ESG ist gekommen, um zu bleiben.
Mögliche Folgen
Wie schätzt Ahmadi die Situation ein? "Ein möglicher Wahlsieg von Trump könnte erhebliche Auswirkungen auf die ESG-Investing-Bewegung in den USA haben. Er hat sich in der Vergangenheit stark gegen diese Kriterien ausgesprochen und könnte versuchen, bestehende Regelungen zu lockern oder rückgängig machen. Diese politischen Unsicherheiten könnten das Vertrauen in nachhaltige Investitionen weiter untergraben und dazu führen, dass Unternehmen sich von ESG-Initiativen abwenden, um sich an die politische Realität anzupassen."
Für die EU könnte der Anti-ESG-Trend in den USA laut Ahmadi sowohl Herausforderungen als auch Anreize schaffen. Einerseits sei es möglich, dass ein Rückgang des Vertrauens in ESG-Kriterien in den USA auch in europäischen Märkten Skepsis schürt, andererseits könnte die EU, "die bereits über strenge regulatorische Rahmenbedingungen für nachhaltige Investitionen verfügt, ihre eigenen Standards weiter stärken und so als globaler Vorreiter agieren, um zu zeigen, dass ESG-Kriterien und Renditen nicht im Widerspruch zueinander stehen müssen". Und die Expertin gibt auch zu bedenken: "Die Entwicklungen in den USA sind nur eine Momentaufnahme. Weltweit gibt es weiterhin ein wachsendes Interesse an ESG-Kriterien, und viele Länder verfolgen eigene Rahmenwerke. Die Spielregeln ändern sich weiter, und die Unternehmen passen sich bereits an diese neuen Gegebenheiten an, ebenso wie der Finanzsektor. Viele Marktteilnehmer sind bereits auf diese Reise aufgebrochen, und ich denke, dass wir aktuell einen Dominoeffekt sehen, der nicht mehr aufzuhalten ist."

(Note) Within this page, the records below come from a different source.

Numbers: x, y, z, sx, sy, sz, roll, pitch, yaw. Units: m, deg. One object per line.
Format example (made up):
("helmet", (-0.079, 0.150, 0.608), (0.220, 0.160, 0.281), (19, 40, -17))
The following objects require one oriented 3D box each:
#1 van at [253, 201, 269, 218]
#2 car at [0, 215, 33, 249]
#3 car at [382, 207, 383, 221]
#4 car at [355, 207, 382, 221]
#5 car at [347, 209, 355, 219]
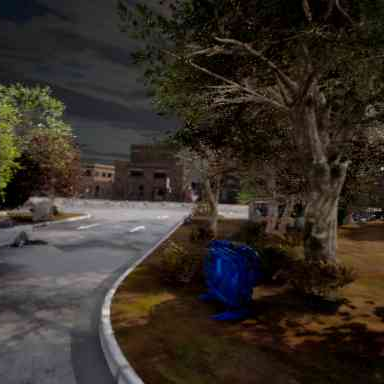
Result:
("van", (7.914, 2.071, 38.713), (1.878, 1.987, 4.442), (1, 0, 4))
("car", (-7.721, 1.506, 11.949), (1.895, 1.301, 4.718), (4, -1, 1))
("car", (21.743, 2.479, 37.635), (2.097, 1.535, 5.008), (1, 0, 4))
("car", (18.975, 2.443, 37.838), (2.231, 1.521, 4.892), (1, 0, 4))
("car", (16.205, 2.435, 37.994), (2.163, 1.488, 4.792), (1, 0, 4))
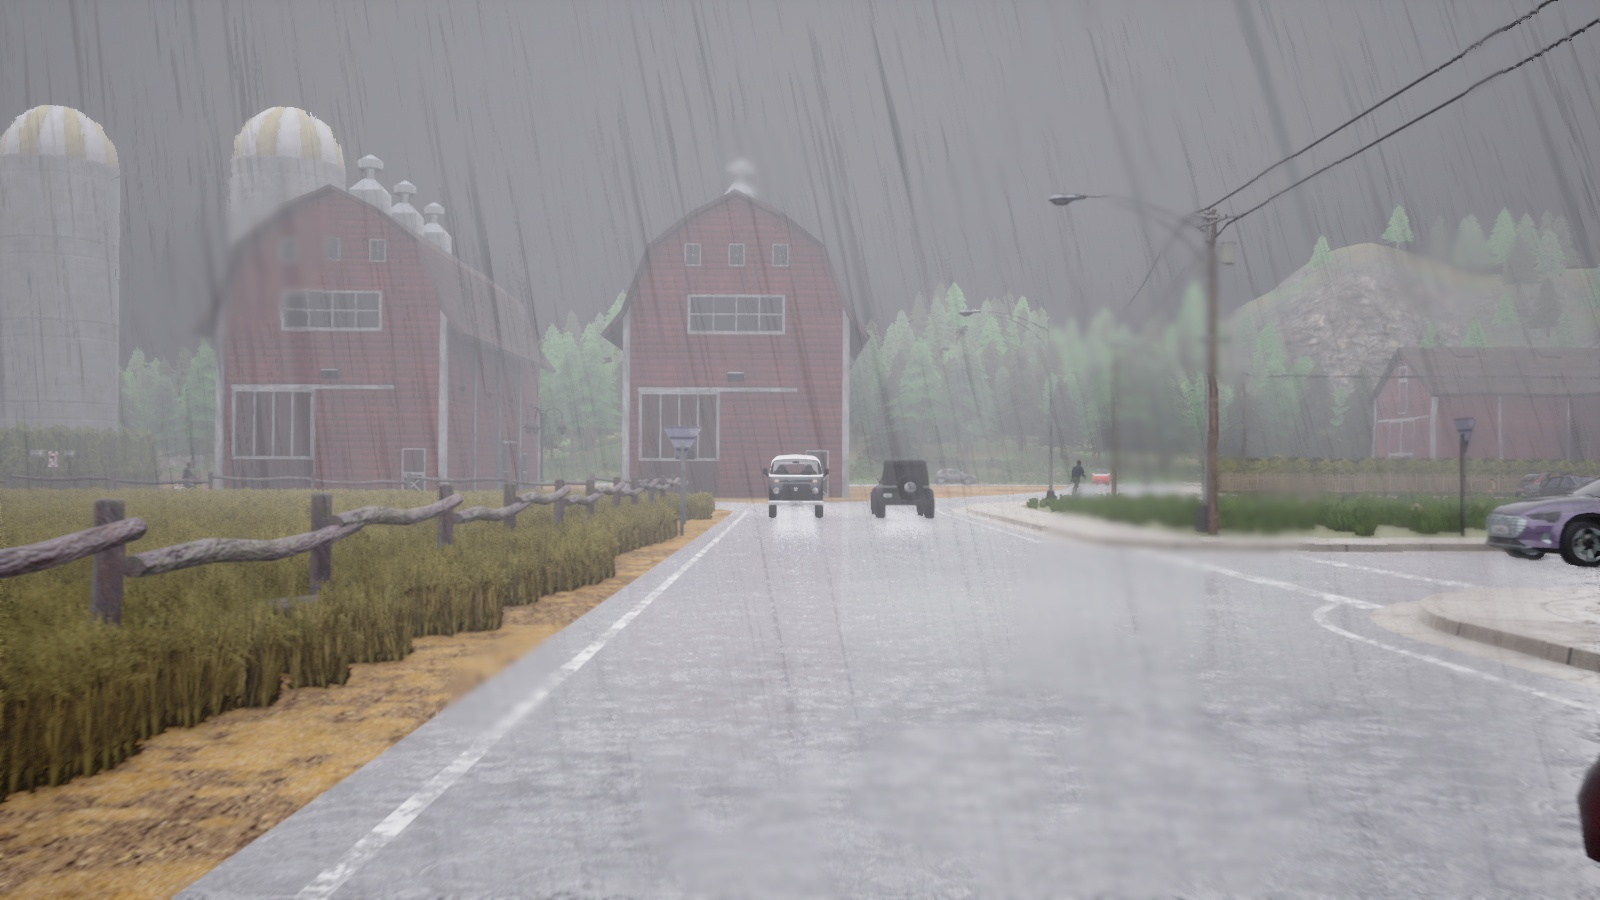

Ahmadis Zukunftsbild ist klar: "ESGist gekommen, um zu bleiben. Die Bewertung eines Unternehmens wird zunehmend nicht mehr ausschließlich auf finanziellen Kennzahlen basieren, sondern auch auf nichtfinanziellen KPIs. Die Definition von Performance, wie wir sie bislang am Markt verwendet haben, wird sich verändern. Firmen müssen auch in Zukunft profitabel sein, aber dieses Ziel wird nachhaltig erreicht werden müssen."